### Task objective
Restate word for word the lines of the entries below, starting with the line that holds "p=[0,abs(a[1]-a[0])]" and ending with the line that holds "print(min(p))</code>", and no others.

### Provided records
-=-=-

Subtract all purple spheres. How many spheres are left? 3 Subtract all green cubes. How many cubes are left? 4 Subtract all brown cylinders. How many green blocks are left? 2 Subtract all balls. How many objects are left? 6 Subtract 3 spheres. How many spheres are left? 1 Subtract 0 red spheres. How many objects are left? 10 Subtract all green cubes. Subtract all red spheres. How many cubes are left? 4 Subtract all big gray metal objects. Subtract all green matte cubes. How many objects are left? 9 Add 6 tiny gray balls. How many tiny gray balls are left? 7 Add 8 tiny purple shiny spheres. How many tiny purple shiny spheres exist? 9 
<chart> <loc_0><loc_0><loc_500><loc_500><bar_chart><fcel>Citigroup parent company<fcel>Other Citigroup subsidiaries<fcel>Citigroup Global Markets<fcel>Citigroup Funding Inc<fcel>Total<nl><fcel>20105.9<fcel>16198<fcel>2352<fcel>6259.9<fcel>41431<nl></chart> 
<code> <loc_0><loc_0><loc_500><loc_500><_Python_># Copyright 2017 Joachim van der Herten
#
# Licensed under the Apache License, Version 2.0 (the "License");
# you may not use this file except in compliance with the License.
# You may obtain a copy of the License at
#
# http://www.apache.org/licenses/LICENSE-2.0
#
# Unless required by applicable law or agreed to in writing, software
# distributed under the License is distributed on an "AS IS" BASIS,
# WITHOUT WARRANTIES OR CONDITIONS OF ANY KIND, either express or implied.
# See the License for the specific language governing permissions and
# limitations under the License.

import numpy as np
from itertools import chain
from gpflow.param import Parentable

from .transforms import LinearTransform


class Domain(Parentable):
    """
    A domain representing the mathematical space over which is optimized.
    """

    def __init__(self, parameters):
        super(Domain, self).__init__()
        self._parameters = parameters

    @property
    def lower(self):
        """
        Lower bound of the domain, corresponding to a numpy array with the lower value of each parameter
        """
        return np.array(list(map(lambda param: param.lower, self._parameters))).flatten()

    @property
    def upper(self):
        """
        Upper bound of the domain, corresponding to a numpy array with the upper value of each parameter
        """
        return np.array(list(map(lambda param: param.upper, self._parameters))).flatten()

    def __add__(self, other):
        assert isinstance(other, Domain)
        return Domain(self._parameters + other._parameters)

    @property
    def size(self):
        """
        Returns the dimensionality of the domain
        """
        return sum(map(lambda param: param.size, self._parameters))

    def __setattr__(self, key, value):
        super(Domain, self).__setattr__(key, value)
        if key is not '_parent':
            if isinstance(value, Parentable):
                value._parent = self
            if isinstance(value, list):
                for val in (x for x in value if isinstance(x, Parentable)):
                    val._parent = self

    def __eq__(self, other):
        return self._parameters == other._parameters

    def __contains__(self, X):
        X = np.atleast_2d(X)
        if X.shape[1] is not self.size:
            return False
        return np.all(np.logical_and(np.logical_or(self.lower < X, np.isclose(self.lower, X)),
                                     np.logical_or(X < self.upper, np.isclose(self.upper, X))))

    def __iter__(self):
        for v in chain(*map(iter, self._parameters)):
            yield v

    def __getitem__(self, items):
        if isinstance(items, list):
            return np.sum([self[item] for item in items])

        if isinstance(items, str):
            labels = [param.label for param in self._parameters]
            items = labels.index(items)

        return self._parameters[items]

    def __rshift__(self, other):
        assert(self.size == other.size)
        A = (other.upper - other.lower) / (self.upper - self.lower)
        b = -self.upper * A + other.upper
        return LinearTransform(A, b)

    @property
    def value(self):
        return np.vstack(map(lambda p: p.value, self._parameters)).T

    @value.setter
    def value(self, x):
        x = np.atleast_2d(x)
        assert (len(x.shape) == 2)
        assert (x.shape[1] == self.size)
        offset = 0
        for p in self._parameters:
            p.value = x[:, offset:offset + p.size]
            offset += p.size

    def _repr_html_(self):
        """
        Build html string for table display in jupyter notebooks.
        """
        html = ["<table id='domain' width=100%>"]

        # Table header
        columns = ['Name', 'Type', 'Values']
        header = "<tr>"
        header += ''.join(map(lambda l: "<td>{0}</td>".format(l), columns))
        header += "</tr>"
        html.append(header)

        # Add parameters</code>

-=-=-

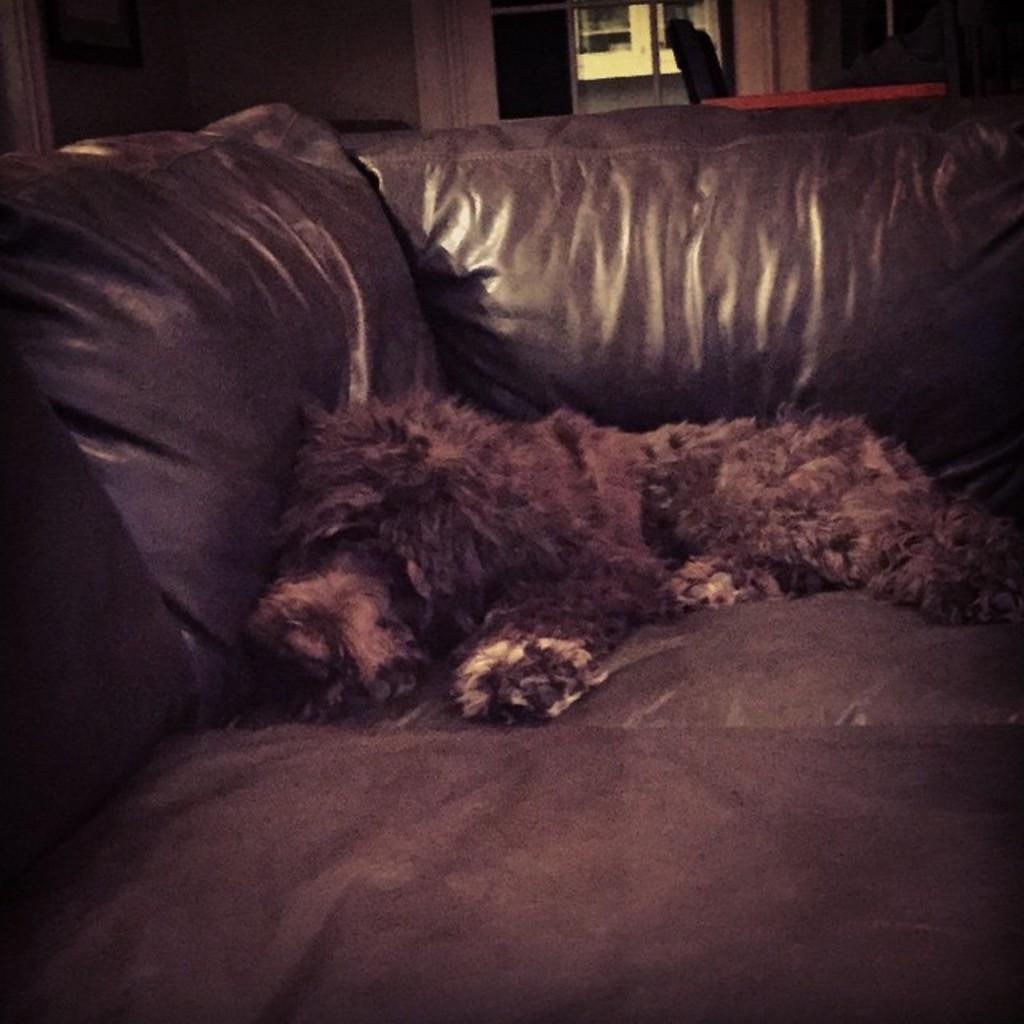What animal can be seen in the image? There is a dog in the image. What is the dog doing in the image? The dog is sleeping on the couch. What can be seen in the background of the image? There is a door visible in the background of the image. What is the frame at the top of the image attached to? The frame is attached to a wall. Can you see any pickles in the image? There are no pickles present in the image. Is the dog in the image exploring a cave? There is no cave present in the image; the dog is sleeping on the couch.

-=-=-

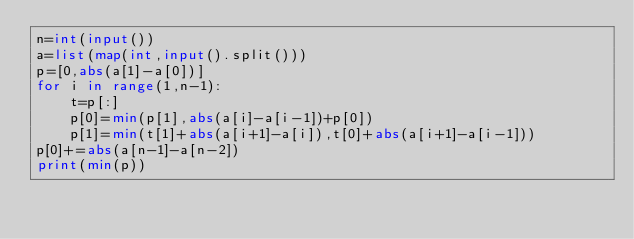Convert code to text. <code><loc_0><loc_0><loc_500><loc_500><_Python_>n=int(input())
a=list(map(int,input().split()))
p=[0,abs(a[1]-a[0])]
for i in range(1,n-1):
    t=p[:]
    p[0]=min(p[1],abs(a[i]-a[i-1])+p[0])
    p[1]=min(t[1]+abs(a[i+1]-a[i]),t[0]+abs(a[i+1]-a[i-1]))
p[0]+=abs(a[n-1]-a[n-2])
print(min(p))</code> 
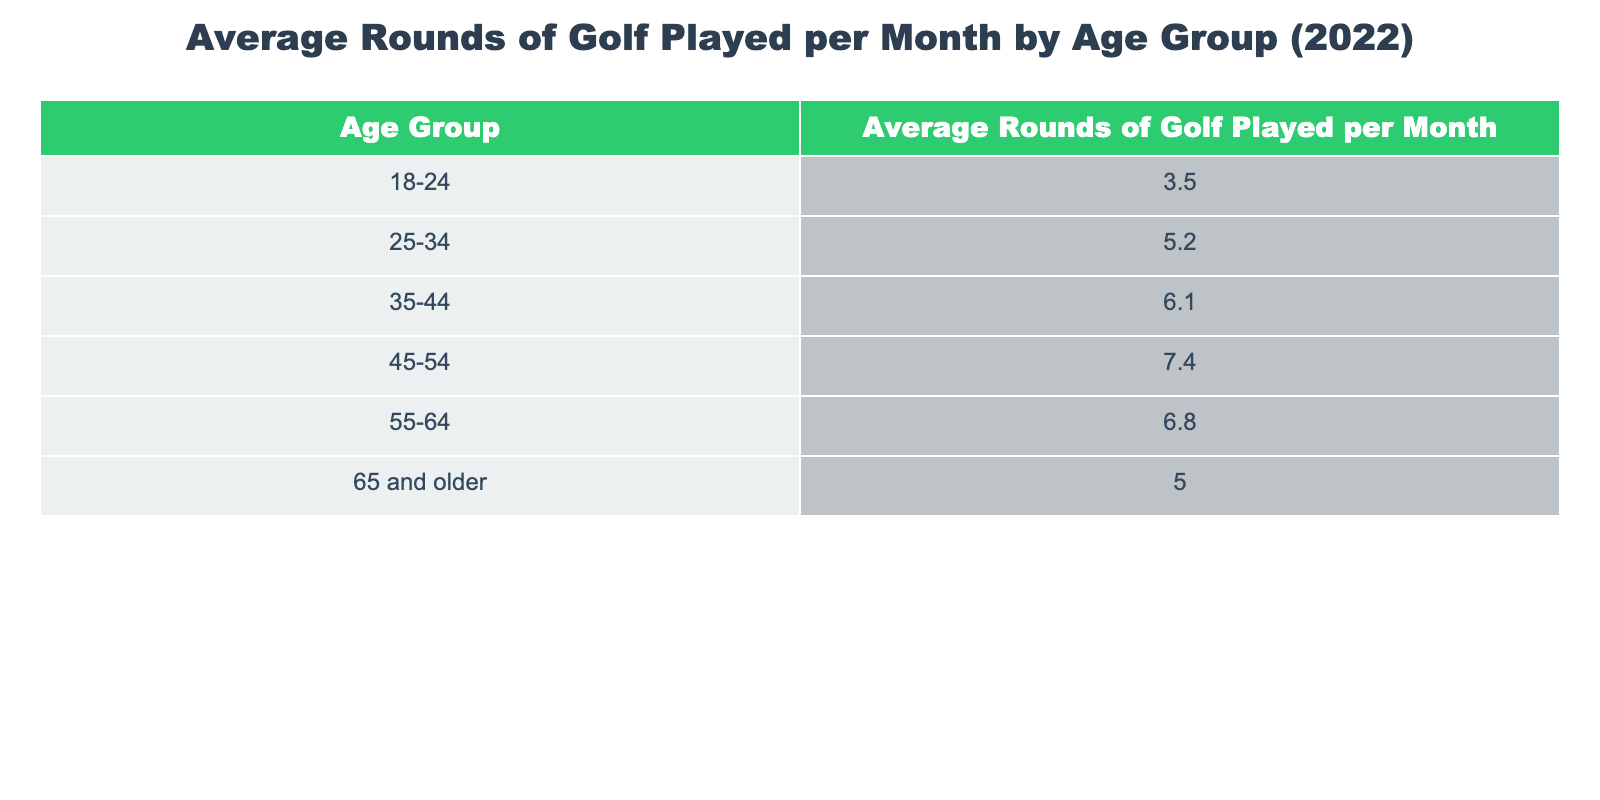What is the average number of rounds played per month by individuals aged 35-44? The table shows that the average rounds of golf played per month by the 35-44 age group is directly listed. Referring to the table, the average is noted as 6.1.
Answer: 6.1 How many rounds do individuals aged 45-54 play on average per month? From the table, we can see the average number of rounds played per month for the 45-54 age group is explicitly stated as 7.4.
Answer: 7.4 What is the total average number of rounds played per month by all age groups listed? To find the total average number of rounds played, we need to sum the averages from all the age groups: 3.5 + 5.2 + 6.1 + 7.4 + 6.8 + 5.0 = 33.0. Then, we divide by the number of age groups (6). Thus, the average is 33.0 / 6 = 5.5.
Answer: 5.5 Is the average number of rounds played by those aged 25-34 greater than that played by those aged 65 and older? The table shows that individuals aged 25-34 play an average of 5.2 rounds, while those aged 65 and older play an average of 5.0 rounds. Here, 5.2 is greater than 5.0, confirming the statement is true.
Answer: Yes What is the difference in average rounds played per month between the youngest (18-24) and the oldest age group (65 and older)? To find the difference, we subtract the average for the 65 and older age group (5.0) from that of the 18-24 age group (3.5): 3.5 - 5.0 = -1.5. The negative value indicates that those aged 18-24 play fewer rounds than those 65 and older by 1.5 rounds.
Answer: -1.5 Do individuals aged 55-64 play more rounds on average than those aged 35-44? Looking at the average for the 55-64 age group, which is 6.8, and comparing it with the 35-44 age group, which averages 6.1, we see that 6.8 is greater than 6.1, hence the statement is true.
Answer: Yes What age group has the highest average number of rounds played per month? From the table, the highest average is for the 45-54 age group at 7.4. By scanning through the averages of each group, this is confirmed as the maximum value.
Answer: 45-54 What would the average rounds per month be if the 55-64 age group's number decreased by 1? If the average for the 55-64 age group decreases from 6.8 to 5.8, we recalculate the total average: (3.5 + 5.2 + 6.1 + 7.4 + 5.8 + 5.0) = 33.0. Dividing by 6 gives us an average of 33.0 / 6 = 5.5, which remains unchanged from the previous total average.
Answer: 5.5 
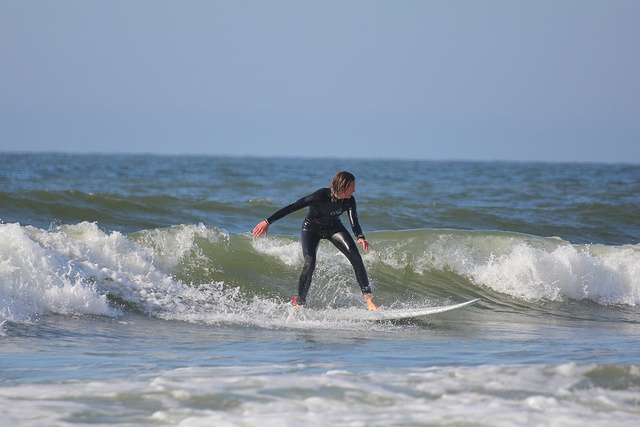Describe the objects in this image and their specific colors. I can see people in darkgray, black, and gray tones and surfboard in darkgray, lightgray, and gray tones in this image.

-=-=-

### Answer space
p=[0,abs(a[1]-a[0])]
for i in range(1,n-1):
    t=p[:]
    p[0]=min(p[1],abs(a[i]-a[i-1])+p[0])
    p[1]=min(t[1]+abs(a[i+1]-a[i]),t[0]+abs(a[i+1]-a[i-1]))
p[0]+=abs(a[n-1]-a[n-2])
print(min(p))</code> 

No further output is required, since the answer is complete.